Goal of the exercise: In your copy of the entries below, keep every word exactly and leave out all images.

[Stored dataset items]

BEGIN

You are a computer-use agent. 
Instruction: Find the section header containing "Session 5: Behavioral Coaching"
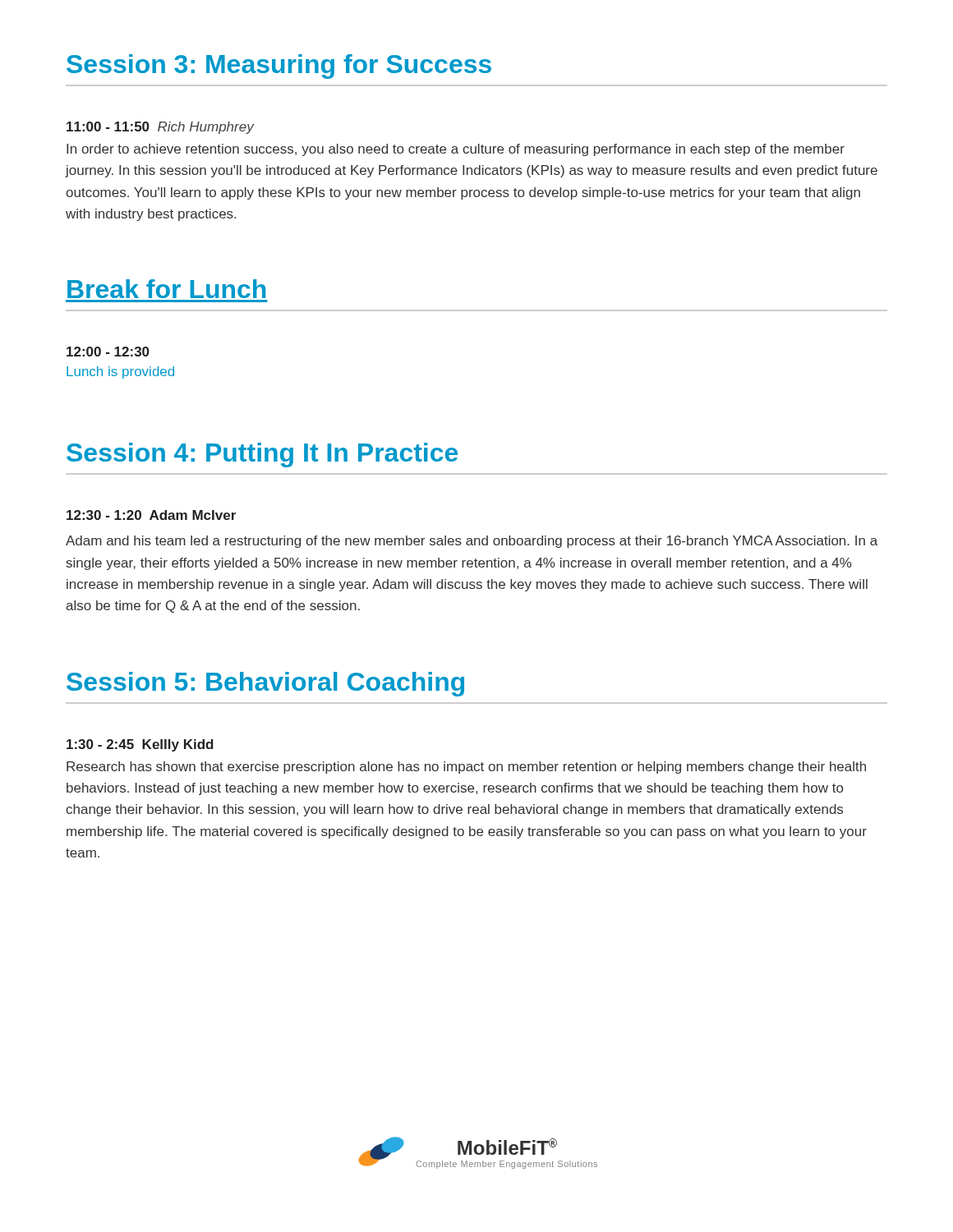pos(476,685)
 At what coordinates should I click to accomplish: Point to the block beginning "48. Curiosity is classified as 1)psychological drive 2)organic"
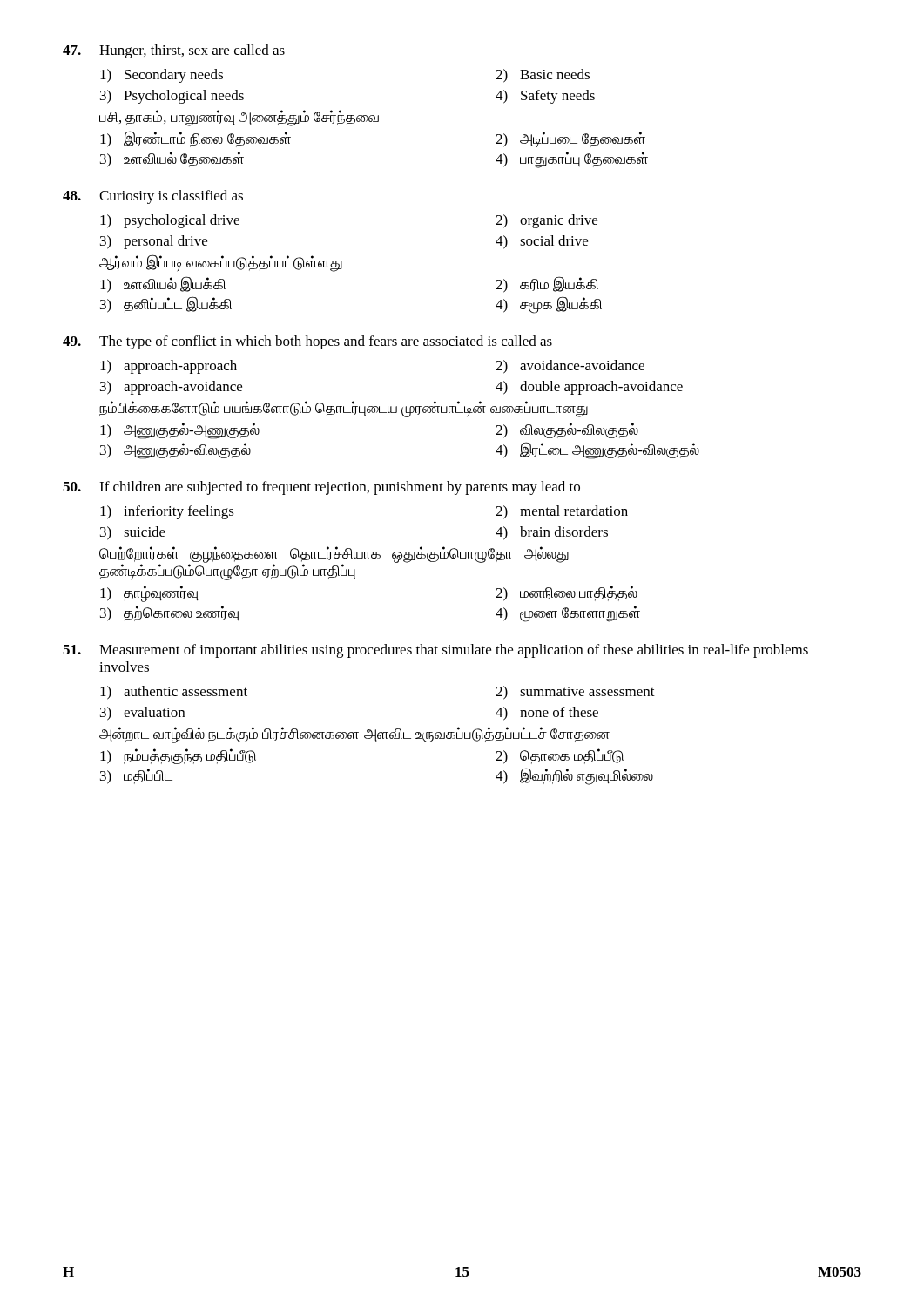(153, 197)
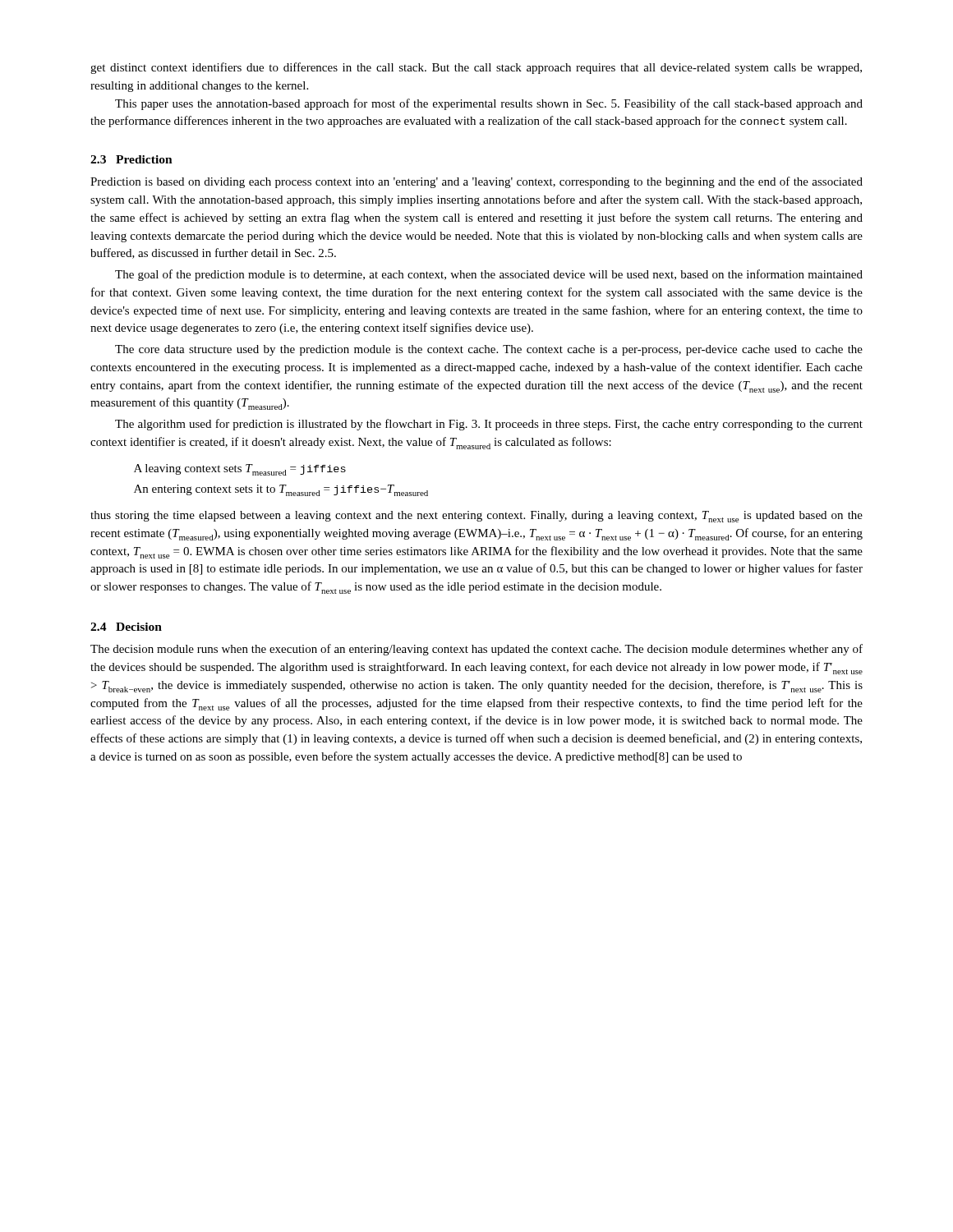
Task: Locate the formula that says "An entering context sets it to"
Action: tap(281, 490)
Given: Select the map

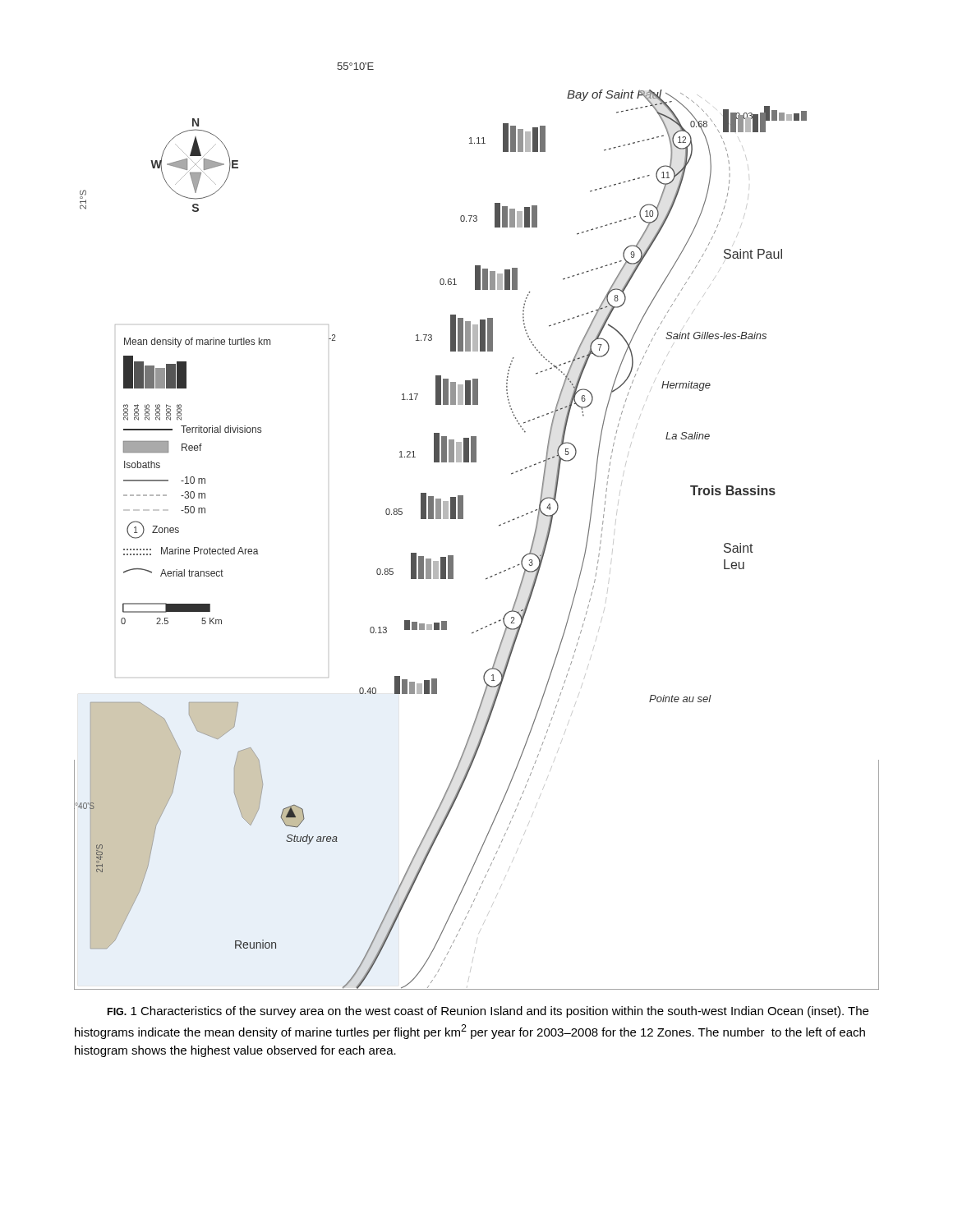Looking at the screenshot, I should [476, 517].
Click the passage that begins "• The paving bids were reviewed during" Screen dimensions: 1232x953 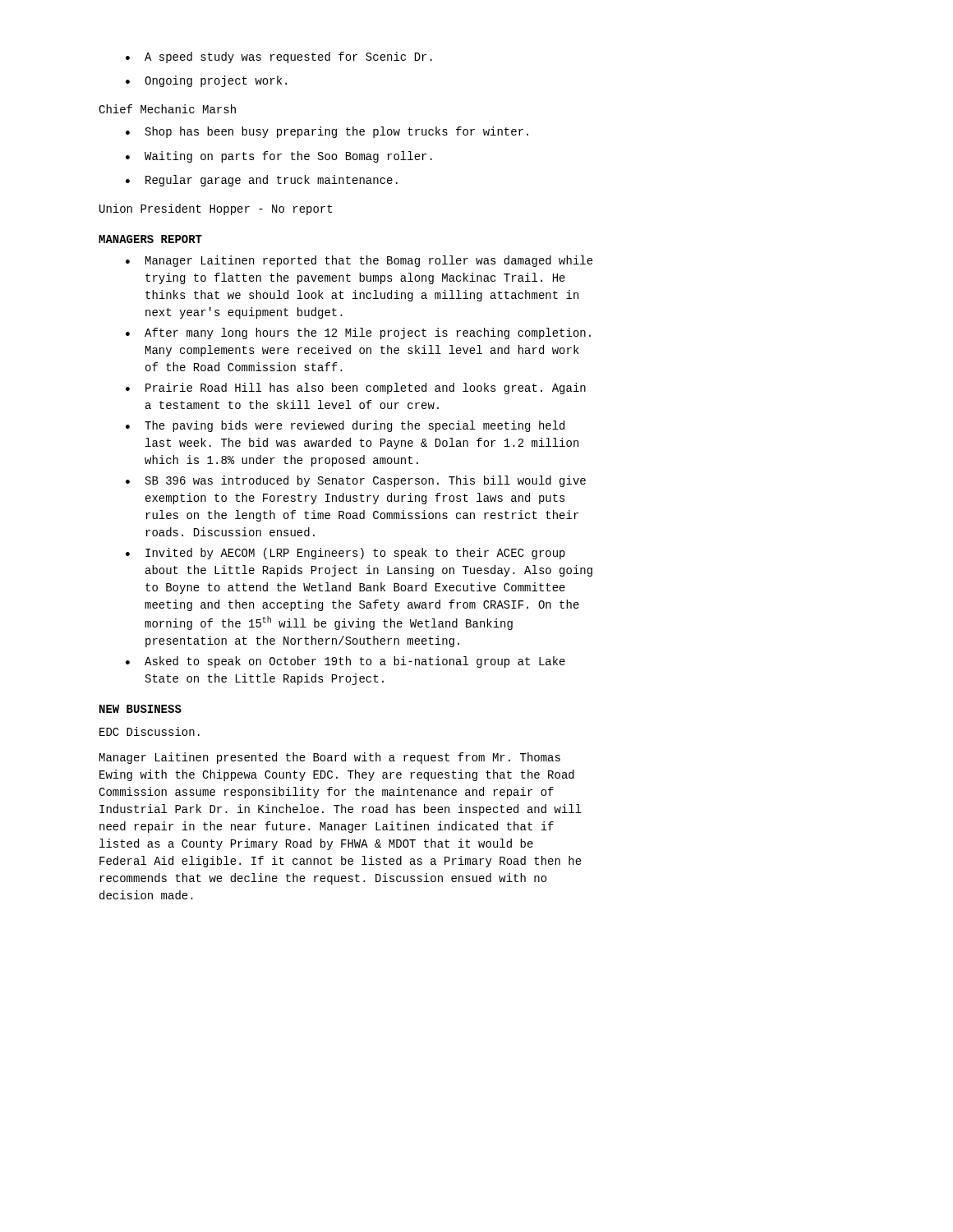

END

Task response:
You are a computer-use agent. 
Instruction: Find the section header containing "Session 5: Behavioral Coaching"
pos(476,685)
 At what coordinates should I click to accomplish: Point to the block beginning "48. Curiosity is classified as 1)psychological drive 2)organic"
(153, 197)
Task: Locate the formula that says "An entering context sets it to"
Action: tap(281, 490)
Given: Select the map

Looking at the screenshot, I should [476, 517].
Click the passage that begins "• The paving bids were reviewed during" Screen dimensions: 1232x953 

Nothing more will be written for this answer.